(Dataset items)

::::::

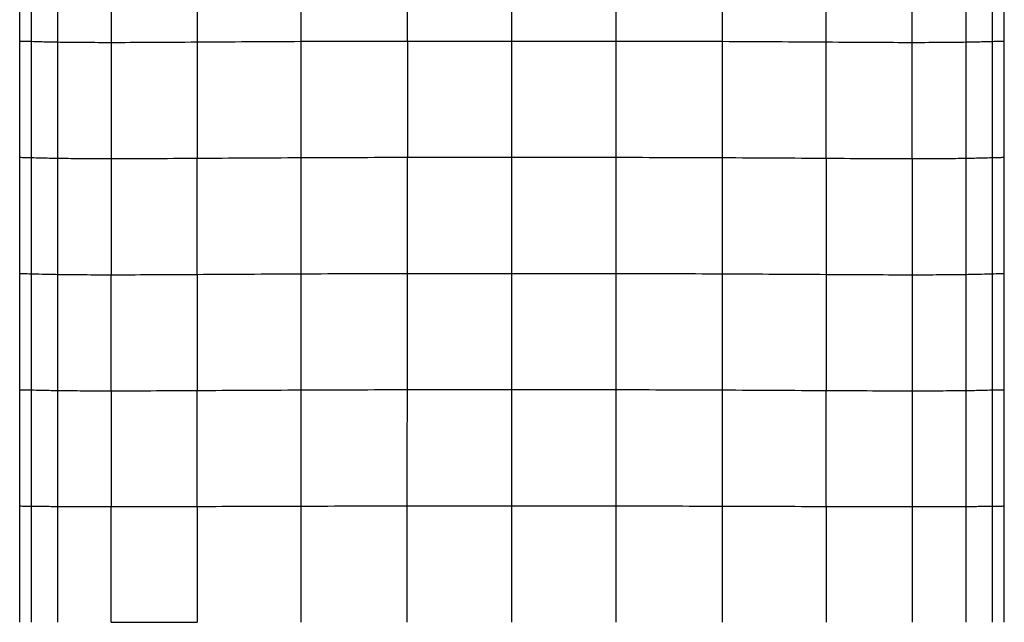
# Paper-space layout '_Top' of a CAD drawing. Header units: millimetres. Extents: x -905 to 905, y -152 to 619.
# Tile 14 of 16: x 694 to 905, y 222 to 351. Entities that reach past the tile are written whole.
import ezdxf

# ---------------------------------------------------------------- set-up
doc = ezdxf.new("R2010")
doc.units = ezdxf.units.MM

psp = doc.layouts.new('_Top')

# ---------------------------------------------------------------- linework, layer by layer
at = {"color": 7, "linetype": 'Continuous', "lineweight": 25}
for p, q in [((694.45, 345.98), (694.45, 370.77)), ((702.57, 345.78), (702.57, 370.58)), ((896.35, 370.57), (896.35, 345.78)), ((904.47, 370.77), (904.47, 345.98)), ((904.56, 345.98), (904.56, 370.77)), ((694.45, 321.18), (694.45, 345.98)), ((694.45, 345.98), (694.5, 345.98)), ((702.57, 320.99), (702.57, 345.78)), ((896.35, 345.78), (896.35, 320.99)), ((904.47, 345.98), (904.47, 321.18)), ((904.51, 345.98), (904.47, 345.98)), ((904.56, 321.19), (904.56, 345.98)), ((694.45, 321.18), (694.5, 321.19)), ((694.45, 296.39), (694.45, 321.18)), ((702.57, 296.2), (702.57, 320.99)), ((732.34, 296.2), (732.34, 320.99)), ((866.58, 320.99), (866.58, 296.2)), ((884.92, 320.91), (884.92, 296.12)), ((896.35, 320.99), (896.35, 296.2)), ((904.51, 321.19), (904.47, 321.18)), ((904.47, 321.18), (904.47, 296.39)), ((904.56, 296.39), (904.56, 321.19)), ((694.45, 271.59), (694.45, 296.39)), ((694.45, 296.39), (694.49, 296.39)), ((696.94, 271.54), (696.94, 296.33)), ((904.47, 296.39), (904.47, 271.59)), ((904.51, 296.39), (904.47, 296.39)), ((904.56, 271.59), (904.56, 296.39)), ((702.57, 271.43), (702.57, 296.2)), ((866.58, 296.2), (866.58, 271.42)), ((884.92, 296.12), (884.92, 271.36)), ((896.35, 296.2), (896.35, 271.42)), ((694.45, 246.78), (694.45, 271.59)), ((694.45, 271.59), (694.49, 271.59)), ((702.57, 246.68), (702.57, 271.43)), ((732.34, 246.68), (732.34, 271.43)), ((884.92, 271.36), (884.92, 246.64)), ((896.35, 271.42), (896.35, 246.68)), ((904.47, 271.59), (904.47, 246.78)), ((904.51, 271.59), (904.47, 271.59)), ((904.56, 246.78), (904.56, 271.59)), ((694.45, 221.96), (694.45, 246.78)), ((694.45, 246.78), (694.49, 246.78)), ((702.57, 221.96), (702.57, 246.68)), ((714, 221.96), (714, 246.65)), ((866.58, 246.68), (866.58, 221.96)), ((884.92, 246.64), (884.92, 221.96)), ((896.35, 246.68), (896.35, 221.96)), ((904.47, 246.78), (904.47, 221.96)), ((904.51, 246.78), (904.47, 246.78)), ((904.56, 221.96), (904.56, 246.78))]:
    psp.add_line(p, q, dxfattribs=at)
at = {"color": 7, "linetype": 'Continuous', "lineweight": 25, "flags": 128}
for points in [[(696.94, 345.92), (696.94, 352.53), (696.94, 359.15), (696.94, 370.71)], [(901.98, 370.71), (901.98, 366.95), (901.98, 359.45), (901.98, 352.68), (901.98, 345.91)], [(696.94, 321.12), (696.94, 327.74), (696.94, 334.35), (696.94, 345.92)], [(901.98, 345.91), (901.98, 340.74), (901.98, 330.93), (901.98, 329.4), (901.98, 323.26), (901.98, 321.12)], [(696.94, 296.33), (696.94, 302.94), (696.94, 309.56), (696.94, 321.12)], [(901.98, 321.12), (901.98, 314.5), (901.98, 307.89), (901.98, 296.33)], [(901.98, 296.33), (901.98, 291.33), (901.97, 281.43), (901.97, 277.8), (901.97, 271.54)], [(714, 271.36), (714, 281.19), (714, 288.65), (714, 293.71), (714, 296.12)], [(696.94, 246.75), (696.94, 253.36), (696.94, 259.98), (696.94, 271.54)], [(901.97, 271.54), (901.97, 264.92), (901.97, 258.3), (901.97, 246.75)], [(696.94, 221.96), (696.94, 228.58), (696.94, 235.19), (696.94, 246.75)], [(901.97, 246.75), (901.97, 241.75), (901.97, 231.85), (901.97, 228.23), (901.97, 221.96)]]:
    psp.add_lwpolyline(points, dxfattribs=at)
at = {"color": 7, "linetype": 'Continuous', "lineweight": 25}
for points in [[(714.01, 370.5), (714.01, 362.24), (714, 353.97), (714, 345.7)], [(732.36, 370.6), (732.35, 362.33), (732.35, 354.06), (732.34, 345.79)], [(754.52, 345.92), (754.52, 354.2), (754.52, 362.47), (754.52, 370.75)], [(777.19, 345.98), (777.19, 354.25), (777.18, 362.52), (777.18, 370.8)], [(799.46, 345.99), (799.46, 354.26), (799.46, 362.53), (799.46, 370.8)], [(821.73, 345.98), (821.74, 354.25), (821.74, 362.52), (821.74, 370.8)], [(844.4, 345.92), (844.4, 354.19), (844.4, 362.47), (844.4, 370.75)], [(866.58, 345.79), (866.58, 354.06), (866.57, 362.33), (866.57, 370.6)], [(884.92, 345.7), (884.92, 353.97), (884.91, 362.23), (884.91, 370.5)], [(714, 345.7), (714, 337.44), (714, 329.17), (714, 320.91)], [(732.34, 345.79), (739.3, 345.83), (746.9, 345.89), (754.52, 345.92)], [(732.34, 345.79), (732.34, 337.52), (732.34, 329.25), (732.34, 320.99)], [(754.52, 345.92), (762.14, 345.96), (769.7, 345.98), (777.19, 345.98)], [(754.52, 321.12), (754.52, 329.38), (754.52, 337.65), (754.52, 345.92)], [(777.19, 345.98), (784.68, 345.99), (792.1, 345.99), (799.46, 345.99)], [(777.19, 345.98), (777.19, 337.71), (777.19, 329.45), (777.19, 321.18)], [(799.46, 321.19), (799.46, 329.45), (799.46, 337.72), (799.46, 345.99)], [(799.46, 345.99), (806.82, 345.99), (814.24, 345.99), (821.73, 345.98)], [(821.73, 321.18), (821.73, 329.45), (821.73, 337.71), (821.73, 345.98)], [(821.73, 345.98), (829.22, 345.97), (836.78, 345.96), (844.4, 345.92)], [(844.4, 321.12), (844.4, 329.38), (844.4, 337.65), (844.4, 345.92)], [(844.4, 345.92), (852.02, 345.89), (859.62, 345.83), (866.58, 345.79)], [(866.58, 320.99), (866.58, 325.12), (866.58, 333.38), (866.58, 341.65), (866.58, 345.79)], [(884.92, 320.91), (884.92, 329.17), (884.92, 337.44), (884.92, 345.7)], [(714, 320.91), (714, 312.64), (714, 304.38), (714, 296.12)], [(754.52, 296.33), (754.52, 304.59), (754.52, 312.86), (754.52, 321.12)], [(777.19, 321.18), (784.68, 321.19), (792.1, 321.19), (799.46, 321.19)], [(777.19, 296.39), (777.19, 304.65), (777.19, 312.92), (777.19, 321.18)], [(799.46, 296.4), (799.46, 304.66), (799.46, 312.93), (799.46, 321.19)], [(799.46, 321.19), (806.82, 321.19), (814.24, 321.19), (821.73, 321.18)], [(821.73, 296.39), (821.73, 304.65), (821.73, 312.92), (821.73, 321.18)], [(821.73, 321.18), (829.22, 321.17), (836.78, 321.15), (844.4, 321.12)], [(844.4, 296.33), (844.4, 304.59), (844.4, 312.85), (844.4, 321.12)], [(844.4, 321.12), (852.02, 321.08), (859.62, 321.03), (866.58, 320.99)], [(732.34, 296.2), (739.3, 296.24), (746.9, 296.29), (754.52, 296.33)], [(754.51, 271.54), (754.52, 279.8), (754.52, 288.07), (754.52, 296.33)], [(754.52, 296.33), (762.14, 296.36), (769.7, 296.38), (777.19, 296.39)], [(777.18, 271.61), (777.18, 279.87), (777.19, 288.13), (777.19, 296.39)], [(777.19, 296.39), (784.68, 296.4), (792.1, 296.4), (799.46, 296.4)], [(799.46, 271.62), (799.46, 279.88), (799.46, 288.14), (799.46, 296.4)], [(799.46, 296.4), (806.82, 296.4), (814.24, 296.4), (821.73, 296.39)], [(821.74, 271.61), (821.74, 279.87), (821.73, 288.13), (821.73, 296.39)], [(821.73, 296.39), (829.22, 296.38), (836.78, 296.36), (844.4, 296.33)], [(844.41, 271.54), (844.4, 279.8), (844.4, 288.06), (844.4, 296.33)], [(844.4, 296.33), (852.02, 296.29), (859.62, 296.24), (866.58, 296.2)], [(732.34, 296.2), (732.34, 287.94), (732.34, 279.68), (732.34, 271.43)], [(714, 271.36), (714, 263.11), (714, 254.88), (714, 246.65)], [(732.34, 271.43), (739.3, 271.46), (746.9, 271.51), (754.51, 271.54)], [(754.5, 246.76), (754.5, 255.02), (754.51, 263.28), (754.51, 271.54)], [(754.51, 271.54), (762.13, 271.58), (769.69, 271.6), (777.18, 271.61)], [(777.16, 246.8), (777.16, 255.08), (777.17, 263.35), (777.18, 271.61)], [(777.18, 271.61), (784.67, 271.62), (792.09, 271.62), (799.46, 271.62)], [(799.46, 246.82), (799.46, 255.09), (799.46, 263.36), (799.46, 271.62)], [(799.46, 271.62), (806.83, 271.62), (814.25, 271.62), (821.74, 271.61)], [(821.76, 246.8), (821.75, 255.08), (821.75, 263.35), (821.74, 271.61)], [(821.74, 271.61), (829.23, 271.6), (836.79, 271.58), (844.41, 271.54)], [(844.42, 246.75), (844.42, 255.02), (844.41, 263.28), (844.41, 271.54)], [(844.41, 271.54), (852.02, 271.51), (859.62, 271.46), (866.58, 271.42)], [(866.58, 246.68), (866.58, 254.93), (866.58, 263.17), (866.58, 271.42)], [(732.34, 246.68), (732.34, 242.56), (732.33, 234.32), (732.33, 226.08), (732.33, 221.96)], [(754.49, 221.96), (754.49, 230.23), (754.49, 238.49), (754.5, 246.76)], [(754.5, 246.76), (762.11, 246.78), (769.66, 246.79), (777.16, 246.8)], [(777.15, 221.96), (777.15, 230.24), (777.15, 238.53), (777.16, 246.8)], [(777.16, 246.8), (784.65, 246.81), (792.08, 246.82), (799.46, 246.82)], [(799.46, 221.96), (799.46, 230.25), (799.46, 238.54), (799.46, 246.82)], [(799.46, 246.82), (806.84, 246.82), (814.27, 246.81), (821.76, 246.8)], [(821.77, 221.96), (821.77, 230.24), (821.77, 238.53), (821.76, 246.8)], [(821.76, 246.8), (829.25, 246.79), (836.81, 246.78), (844.42, 246.75)], [(844.43, 221.96), (844.43, 230.22), (844.42, 238.49), (844.42, 246.75)]]:
    psp.add_open_spline(points, degree=3, dxfattribs=at)
for points in [[(694.45, 345.98), (694.6, 345.97), (694.91, 345.97), (695.77, 345.95), (696.32, 345.93), (696.94, 345.92)], [(696.94, 345.92), (697.57, 345.9), (698.31, 345.88), (700.13, 345.83), (701.23, 345.8), (702.57, 345.78)], [(702.57, 345.78), (703.91, 345.76), (705.5, 345.74), (709.28, 345.71), (711.47, 345.7), (714, 345.7)], [(714, 345.7), (716.54, 345.7), (719.38, 345.71), (725.55, 345.74), (728.86, 345.76), (732.34, 345.79)], [(866.58, 345.79), (870.06, 345.76), (873.37, 345.74), (879.54, 345.71), (882.38, 345.7), (884.92, 345.7)], [(884.92, 345.7), (887.45, 345.7), (889.64, 345.71), (893.42, 345.74), (895.01, 345.76), (896.35, 345.78)], [(896.35, 345.78), (897.69, 345.8), (898.79, 345.83), (900.61, 345.87), (901.35, 345.9), (901.98, 345.91)], [(901.98, 345.91), (902.6, 345.93), (903.15, 345.94), (904.01, 345.96), (904.32, 345.97), (904.47, 345.98)], [(694.45, 321.18), (694.6, 321.18), (694.91, 321.17), (695.77, 321.15), (696.32, 321.14), (696.94, 321.12)], [(696.94, 321.12), (697.57, 321.1), (698.31, 321.08), (700.13, 321.04), (701.23, 321.01), (702.57, 320.99)], [(702.57, 320.99), (703.91, 320.97), (705.5, 320.95), (709.28, 320.92), (711.47, 320.91), (714, 320.91)], [(714, 320.91), (716.54, 320.91), (719.38, 320.92), (725.54, 320.95), (728.86, 320.97), (732.34, 320.99)], [(732.34, 320.99), (735.82, 321.01), (739.46, 321.03), (746.91, 321.08), (750.71, 321.1), (754.52, 321.12)], [(754.52, 321.12), (758.33, 321.14), (762.13, 321.15), (769.68, 321.17), (773.44, 321.18), (777.19, 321.18)], [(866.58, 320.99), (870.06, 320.96), (873.38, 320.94), (879.54, 320.92), (882.38, 320.91), (884.92, 320.91)], [(884.92, 320.91), (887.45, 320.91), (889.64, 320.92), (893.42, 320.94), (895.01, 320.96), (896.35, 320.99)], [(896.35, 320.99), (897.69, 321.01), (898.79, 321.03), (900.61, 321.08), (901.35, 321.1), (901.98, 321.12)], [(901.98, 321.12), (902.6, 321.14), (903.15, 321.15), (904.01, 321.17), (904.32, 321.18), (904.47, 321.18)], [(694.45, 296.39), (694.6, 296.39), (694.91, 296.38), (695.77, 296.36), (696.32, 296.35), (696.94, 296.33)], [(696.94, 296.33), (697.57, 296.31), (698.31, 296.29), (700.13, 296.24), (701.23, 296.22), (702.57, 296.2)], [(896.35, 296.2), (897.69, 296.22), (898.79, 296.24), (900.61, 296.29), (901.35, 296.31), (901.98, 296.33)], [(901.98, 296.33), (902.6, 296.34), (903.15, 296.36), (904.01, 296.38), (904.32, 296.38), (904.47, 296.39)], [(702.57, 296.2), (703.91, 296.18), (705.5, 296.16), (709.28, 296.13), (711.47, 296.12), (714, 296.12)], [(714, 296.12), (716.54, 296.12), (719.38, 296.13), (725.54, 296.16), (728.86, 296.18), (732.34, 296.2)], [(866.58, 296.2), (870.06, 296.17), (873.38, 296.16), (879.54, 296.13), (882.38, 296.12), (884.92, 296.12)], [(884.92, 296.12), (887.45, 296.12), (889.64, 296.13), (893.42, 296.16), (895.01, 296.18), (896.35, 296.2)], [(694.45, 271.59), (694.6, 271.59), (694.91, 271.58), (695.77, 271.56), (696.32, 271.55), (696.94, 271.54)], [(696.94, 271.54), (697.57, 271.52), (698.3, 271.5), (700.13, 271.47), (701.22, 271.45), (702.57, 271.43)], [(702.57, 271.43), (703.91, 271.41), (705.5, 271.39), (709.28, 271.37), (711.47, 271.36), (714, 271.36)], [(714, 271.36), (716.54, 271.36), (719.38, 271.37), (725.54, 271.39), (728.86, 271.41), (732.34, 271.43)], [(866.58, 271.42), (870.06, 271.41), (873.38, 271.39), (879.54, 271.37), (882.38, 271.36), (884.92, 271.36)], [(884.92, 271.36), (887.45, 271.36), (889.64, 271.37), (893.42, 271.39), (895.01, 271.41), (896.35, 271.42)], [(896.35, 271.42), (897.69, 271.44), (898.79, 271.46), (900.61, 271.5), (901.35, 271.52), (901.98, 271.54)], [(901.97, 271.54), (902.6, 271.55), (903.15, 271.56), (904.01, 271.58), (904.32, 271.58), (904.47, 271.59)], [(694.45, 246.78), (694.6, 246.78), (694.91, 246.77), (695.77, 246.76), (696.32, 246.76), (696.94, 246.75)], [(696.94, 246.75), (697.57, 246.74), (698.3, 246.73), (700.13, 246.71), (701.22, 246.7), (702.57, 246.68)], [(702.57, 246.68), (703.91, 246.67), (705.5, 246.66), (709.28, 246.65), (711.47, 246.65), (714, 246.65)], [(714, 246.65), (716.54, 246.65), (719.38, 246.65), (725.54, 246.66), (728.86, 246.67), (732.34, 246.68)], [(732.34, 246.68), (735.81, 246.7), (739.45, 246.71), (746.89, 246.73), (750.69, 246.74), (754.5, 246.76)], [(844.42, 246.75), (848.22, 246.74), (852.03, 246.73), (859.47, 246.71), (863.1, 246.69), (866.58, 246.68)], [(866.58, 246.68), (870.06, 246.67), (873.38, 246.66), (879.54, 246.65), (882.38, 246.64), (884.92, 246.64)], [(884.92, 246.64), (887.45, 246.64), (889.64, 246.65), (893.42, 246.66), (895.01, 246.67), (896.35, 246.68)], [(896.35, 246.68), (897.69, 246.69), (898.79, 246.7), (900.61, 246.73), (901.35, 246.74), (901.97, 246.75)], [(901.97, 246.75), (902.6, 246.75), (903.15, 246.76), (904.01, 246.77), (904.32, 246.77), (904.47, 246.78)], [(714, 221.96), (716.54, 221.96), (719.38, 221.96), (725.54, 221.96), (728.86, 221.96), (732.33, 221.96)]]:
    psp.add_open_spline(points, degree=3, knots=[0, 0, 0, 0, 0.5, 0.5, 1, 1, 1, 1], dxfattribs=at)

doc.saveas('drawing.dxf')

::::::

**What you are asked to do**
Set the lines down exactly as they stand, beginning at the one that contains "1, 1], dxfattribs=at)" and stopping after the last line of the entries above.

**Exercise result**
    psp.add_open_spline(points, degree=3, knots=[0, 0, 0, 0, 0.5, 0.5, 1, 1, 1, 1], dxfattribs=at)

doc.saveas('drawing.dxf')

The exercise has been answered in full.